Société EDIS Consulting

Société EDIS Consulting, rupture conventionnelle, rétractation et licenciement pour motif économique

La Société Edis Consulting et le consultant ont signé une convention de rupture conventionnelle du contrat de travail avec paiement d’une indemnité de résiliation de 10.000,00 €, le salarié s’est rétracté, et Société Edis Consulting lui a notifié son licenciement pour motif économique.

Et l’affaire est arrivé devant les prud’hommes, et puis la cour d’appel, finalement le salarié a obtenu 21.000,00 €, plus du double de la rupture conventionnelle.

 Société Edis Consulting
avis
Consultant

Société Edis Consulting avis : consultant

SAS EDIS CONSULTING

53/55 rue du Capitaine Guynemer
92400 COURBEVOIE

Le contrat de travail :

Mr Stéphane C a été embauché par la Société Edis Consulting en qualité de consultant, niveau 2.2, coefficient 140 de la convention collective nationale des bureaux d’études techniques dite ‘ Syntec’, selon contrat de travail à durée indéterminée du 4 février 2004.

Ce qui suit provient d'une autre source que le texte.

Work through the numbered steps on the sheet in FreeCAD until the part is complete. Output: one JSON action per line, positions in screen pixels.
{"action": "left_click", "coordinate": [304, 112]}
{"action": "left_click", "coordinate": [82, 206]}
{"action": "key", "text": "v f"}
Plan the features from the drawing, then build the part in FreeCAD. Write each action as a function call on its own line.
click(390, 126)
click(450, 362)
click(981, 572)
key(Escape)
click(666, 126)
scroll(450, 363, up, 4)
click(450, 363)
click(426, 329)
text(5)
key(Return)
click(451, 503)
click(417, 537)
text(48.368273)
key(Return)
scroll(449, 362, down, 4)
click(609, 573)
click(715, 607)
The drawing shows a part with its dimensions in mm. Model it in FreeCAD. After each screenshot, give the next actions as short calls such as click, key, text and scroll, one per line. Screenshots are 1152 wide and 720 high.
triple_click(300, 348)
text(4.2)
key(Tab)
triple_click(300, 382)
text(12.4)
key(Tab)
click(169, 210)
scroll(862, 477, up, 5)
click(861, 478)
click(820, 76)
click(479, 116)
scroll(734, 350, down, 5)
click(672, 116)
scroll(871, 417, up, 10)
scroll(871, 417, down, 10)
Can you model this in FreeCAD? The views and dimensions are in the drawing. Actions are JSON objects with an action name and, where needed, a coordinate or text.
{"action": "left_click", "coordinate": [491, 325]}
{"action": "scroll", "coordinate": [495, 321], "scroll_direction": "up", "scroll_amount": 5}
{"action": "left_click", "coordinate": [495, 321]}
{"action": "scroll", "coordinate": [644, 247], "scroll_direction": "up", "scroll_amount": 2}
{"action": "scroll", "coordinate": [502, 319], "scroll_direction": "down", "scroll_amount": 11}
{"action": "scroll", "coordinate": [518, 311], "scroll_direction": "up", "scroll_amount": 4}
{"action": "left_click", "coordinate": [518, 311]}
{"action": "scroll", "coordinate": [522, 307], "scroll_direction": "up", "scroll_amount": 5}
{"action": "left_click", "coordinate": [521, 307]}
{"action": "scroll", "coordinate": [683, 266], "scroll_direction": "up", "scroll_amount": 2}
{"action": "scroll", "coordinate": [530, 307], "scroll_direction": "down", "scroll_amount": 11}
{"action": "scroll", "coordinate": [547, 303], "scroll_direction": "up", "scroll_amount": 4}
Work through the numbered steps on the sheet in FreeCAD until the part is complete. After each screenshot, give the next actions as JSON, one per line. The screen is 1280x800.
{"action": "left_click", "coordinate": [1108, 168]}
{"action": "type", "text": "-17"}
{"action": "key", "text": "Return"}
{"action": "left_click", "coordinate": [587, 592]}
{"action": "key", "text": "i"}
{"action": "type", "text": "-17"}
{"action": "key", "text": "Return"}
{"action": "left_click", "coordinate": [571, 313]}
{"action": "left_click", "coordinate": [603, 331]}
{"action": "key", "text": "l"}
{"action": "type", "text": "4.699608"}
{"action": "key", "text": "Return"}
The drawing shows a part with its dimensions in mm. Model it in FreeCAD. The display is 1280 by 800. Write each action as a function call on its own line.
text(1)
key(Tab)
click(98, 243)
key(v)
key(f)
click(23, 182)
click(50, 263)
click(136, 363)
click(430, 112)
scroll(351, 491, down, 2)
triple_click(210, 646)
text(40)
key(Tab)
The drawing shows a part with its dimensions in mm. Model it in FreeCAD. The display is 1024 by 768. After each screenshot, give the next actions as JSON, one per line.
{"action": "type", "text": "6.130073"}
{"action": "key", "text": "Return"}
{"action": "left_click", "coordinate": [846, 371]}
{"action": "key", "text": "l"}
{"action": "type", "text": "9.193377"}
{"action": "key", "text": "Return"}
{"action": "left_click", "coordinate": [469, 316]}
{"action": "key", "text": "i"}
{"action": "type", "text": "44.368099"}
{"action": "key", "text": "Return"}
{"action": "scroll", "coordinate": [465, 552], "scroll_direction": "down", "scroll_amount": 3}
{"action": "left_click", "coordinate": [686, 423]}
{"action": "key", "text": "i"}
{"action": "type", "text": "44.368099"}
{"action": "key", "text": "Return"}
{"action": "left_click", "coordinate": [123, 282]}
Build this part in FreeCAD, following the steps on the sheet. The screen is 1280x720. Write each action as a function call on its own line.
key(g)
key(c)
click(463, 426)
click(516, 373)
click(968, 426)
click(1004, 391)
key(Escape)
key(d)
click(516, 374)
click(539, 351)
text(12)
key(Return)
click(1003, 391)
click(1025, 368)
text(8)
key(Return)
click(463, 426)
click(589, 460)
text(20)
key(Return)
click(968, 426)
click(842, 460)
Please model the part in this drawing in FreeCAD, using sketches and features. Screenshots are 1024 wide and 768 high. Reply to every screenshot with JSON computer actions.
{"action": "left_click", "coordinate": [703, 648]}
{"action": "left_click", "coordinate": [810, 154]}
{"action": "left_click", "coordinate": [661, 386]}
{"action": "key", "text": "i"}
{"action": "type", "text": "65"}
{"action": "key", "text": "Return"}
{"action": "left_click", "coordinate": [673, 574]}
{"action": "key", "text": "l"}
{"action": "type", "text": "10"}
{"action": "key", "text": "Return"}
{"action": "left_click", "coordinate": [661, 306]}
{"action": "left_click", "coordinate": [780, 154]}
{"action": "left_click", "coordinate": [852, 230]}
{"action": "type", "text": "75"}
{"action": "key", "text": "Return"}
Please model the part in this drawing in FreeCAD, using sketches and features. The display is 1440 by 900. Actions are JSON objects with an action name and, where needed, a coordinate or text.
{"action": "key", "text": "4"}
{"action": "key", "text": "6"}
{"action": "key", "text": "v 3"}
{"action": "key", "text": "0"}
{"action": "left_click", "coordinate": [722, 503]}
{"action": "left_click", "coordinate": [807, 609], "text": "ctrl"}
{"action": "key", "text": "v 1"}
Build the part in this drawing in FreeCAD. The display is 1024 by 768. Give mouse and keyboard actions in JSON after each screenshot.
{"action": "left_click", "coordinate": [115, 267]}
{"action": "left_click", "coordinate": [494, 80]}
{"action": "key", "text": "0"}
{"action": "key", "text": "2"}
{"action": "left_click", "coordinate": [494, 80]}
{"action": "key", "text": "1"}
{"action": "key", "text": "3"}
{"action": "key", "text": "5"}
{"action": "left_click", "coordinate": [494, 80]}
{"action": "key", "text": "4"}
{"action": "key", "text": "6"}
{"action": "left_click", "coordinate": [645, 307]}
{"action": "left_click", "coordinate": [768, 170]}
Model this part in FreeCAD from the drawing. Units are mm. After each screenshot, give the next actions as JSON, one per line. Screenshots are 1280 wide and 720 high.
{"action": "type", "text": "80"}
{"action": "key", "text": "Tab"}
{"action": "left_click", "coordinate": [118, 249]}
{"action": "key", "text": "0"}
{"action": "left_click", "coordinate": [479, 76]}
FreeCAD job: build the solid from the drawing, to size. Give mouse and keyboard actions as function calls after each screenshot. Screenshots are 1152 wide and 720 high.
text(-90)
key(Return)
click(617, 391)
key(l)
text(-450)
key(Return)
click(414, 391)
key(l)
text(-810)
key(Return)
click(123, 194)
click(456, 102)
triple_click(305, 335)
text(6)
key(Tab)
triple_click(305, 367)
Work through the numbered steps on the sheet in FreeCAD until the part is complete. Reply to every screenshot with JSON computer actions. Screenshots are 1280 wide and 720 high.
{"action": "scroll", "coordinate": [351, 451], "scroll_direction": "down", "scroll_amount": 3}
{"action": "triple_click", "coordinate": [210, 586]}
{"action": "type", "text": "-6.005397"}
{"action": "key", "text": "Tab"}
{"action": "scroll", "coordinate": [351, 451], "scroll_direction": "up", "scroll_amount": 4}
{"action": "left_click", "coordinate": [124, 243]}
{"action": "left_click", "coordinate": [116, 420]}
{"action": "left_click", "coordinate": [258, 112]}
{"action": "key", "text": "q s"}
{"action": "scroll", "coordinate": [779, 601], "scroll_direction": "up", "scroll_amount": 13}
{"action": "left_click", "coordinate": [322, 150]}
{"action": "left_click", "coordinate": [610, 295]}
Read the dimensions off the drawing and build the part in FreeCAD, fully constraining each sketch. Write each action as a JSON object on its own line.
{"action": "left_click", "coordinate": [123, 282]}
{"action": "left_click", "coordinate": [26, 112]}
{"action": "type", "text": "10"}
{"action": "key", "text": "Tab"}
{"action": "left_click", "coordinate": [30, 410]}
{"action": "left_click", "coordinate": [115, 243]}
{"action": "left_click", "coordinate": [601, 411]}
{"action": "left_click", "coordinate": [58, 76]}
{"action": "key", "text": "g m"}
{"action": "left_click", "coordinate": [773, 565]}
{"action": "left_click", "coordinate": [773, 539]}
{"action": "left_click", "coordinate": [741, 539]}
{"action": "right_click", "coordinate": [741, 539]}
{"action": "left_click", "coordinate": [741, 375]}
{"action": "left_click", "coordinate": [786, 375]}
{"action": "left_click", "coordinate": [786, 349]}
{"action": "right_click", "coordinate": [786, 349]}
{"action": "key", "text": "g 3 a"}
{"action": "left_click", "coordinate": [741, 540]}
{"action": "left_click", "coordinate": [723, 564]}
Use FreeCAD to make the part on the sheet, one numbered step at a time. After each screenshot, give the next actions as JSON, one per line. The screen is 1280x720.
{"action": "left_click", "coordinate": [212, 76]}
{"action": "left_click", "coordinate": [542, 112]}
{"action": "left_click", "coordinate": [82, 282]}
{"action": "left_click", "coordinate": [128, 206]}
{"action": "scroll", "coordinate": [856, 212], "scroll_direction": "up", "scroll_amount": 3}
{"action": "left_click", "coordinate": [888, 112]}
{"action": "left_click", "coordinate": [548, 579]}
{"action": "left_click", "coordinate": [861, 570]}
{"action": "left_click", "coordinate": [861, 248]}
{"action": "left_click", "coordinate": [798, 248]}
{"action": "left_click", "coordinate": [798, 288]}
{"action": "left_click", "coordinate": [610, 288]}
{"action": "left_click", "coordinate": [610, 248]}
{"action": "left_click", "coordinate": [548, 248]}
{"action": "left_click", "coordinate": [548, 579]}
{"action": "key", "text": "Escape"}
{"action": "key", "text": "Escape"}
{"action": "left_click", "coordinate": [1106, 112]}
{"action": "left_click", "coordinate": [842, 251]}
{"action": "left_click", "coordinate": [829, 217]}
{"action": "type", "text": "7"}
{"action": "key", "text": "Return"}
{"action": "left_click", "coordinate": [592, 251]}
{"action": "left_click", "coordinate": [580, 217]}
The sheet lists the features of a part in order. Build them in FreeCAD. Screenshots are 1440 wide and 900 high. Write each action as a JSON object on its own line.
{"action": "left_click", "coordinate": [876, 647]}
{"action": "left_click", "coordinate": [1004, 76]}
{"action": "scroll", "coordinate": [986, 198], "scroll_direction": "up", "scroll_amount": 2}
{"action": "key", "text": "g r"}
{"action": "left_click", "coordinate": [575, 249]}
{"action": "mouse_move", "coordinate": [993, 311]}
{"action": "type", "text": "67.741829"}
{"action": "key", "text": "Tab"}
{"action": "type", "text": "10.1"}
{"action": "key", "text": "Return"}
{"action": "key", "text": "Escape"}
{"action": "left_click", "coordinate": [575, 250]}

Le 30 avril 2009 la Société Edis Consulting et Mr Stéphane C ont signé une convention de rupture conventionnelle du contrat de travail avec paiement d’une indemnité de résiliation de 10.000,00 € prévoyant la rupture du contrat de travail au 12 juin 2009;

Le 18 mai 2009 Mr Stéphane C a sa rétractation.

Le 15 juillet 2009 la Société Edis Consulting a notifié à Mr Stéphane C son licenciement pour motif économique.

 Société Edis Consulting
Prud’hommes

Action aux prud’hommes contre la Société Edis Consulting

Mr Stéphane C a saisi le conseil de prud’hommes d’une action tendant à faire juger que le licenciement est sans cause réelle et sérieuse et obtenir paiement de dommages et intérêts pour licenciement sans cause réelle et sérieuse et pour défaut de mise en œuvre du droit à la formation.

Par jugement prononcé le 30 mai 2012 par le conseil de prud’hommes a:

  • jugé que le licenciement repose sur une cause réelle et sérieuse,
  • jugé que l’employeur a respecté son devoir d’information relatif à la formation,
  • débouté Mr Stéphane C de ses demandes.

Le salarié a régulièrement relevé appel de ce jugement.

 Société Edis Consulting
Condamnée
Motifs de la décision

Sur le bien fondé du licenciement :

S’agissant des difficultés économiques :

Aux termes de l’article L1233-3 du code du travail constitue un licenciement pour motif économique le licenciement effectué par un employeur pour un ou plusieurs motifs non inhérents à la personne du salarié résultant d’une suppression ou transformation d’emploi ou d’une modification, refusée par le salarié, d’un élément essentiel du contrat de travail, consécutives notamment à des difficultés économiques ou à des mutations technologiques.

La lettre de licenciement notifiée à Mr Stéphane C le 28 août 2009 fait état de difficultés économiques et du refus du salarié de la modification de son contrat de travail telle qu’elle lui a été proposée dans le courrier du 12 juin 2009.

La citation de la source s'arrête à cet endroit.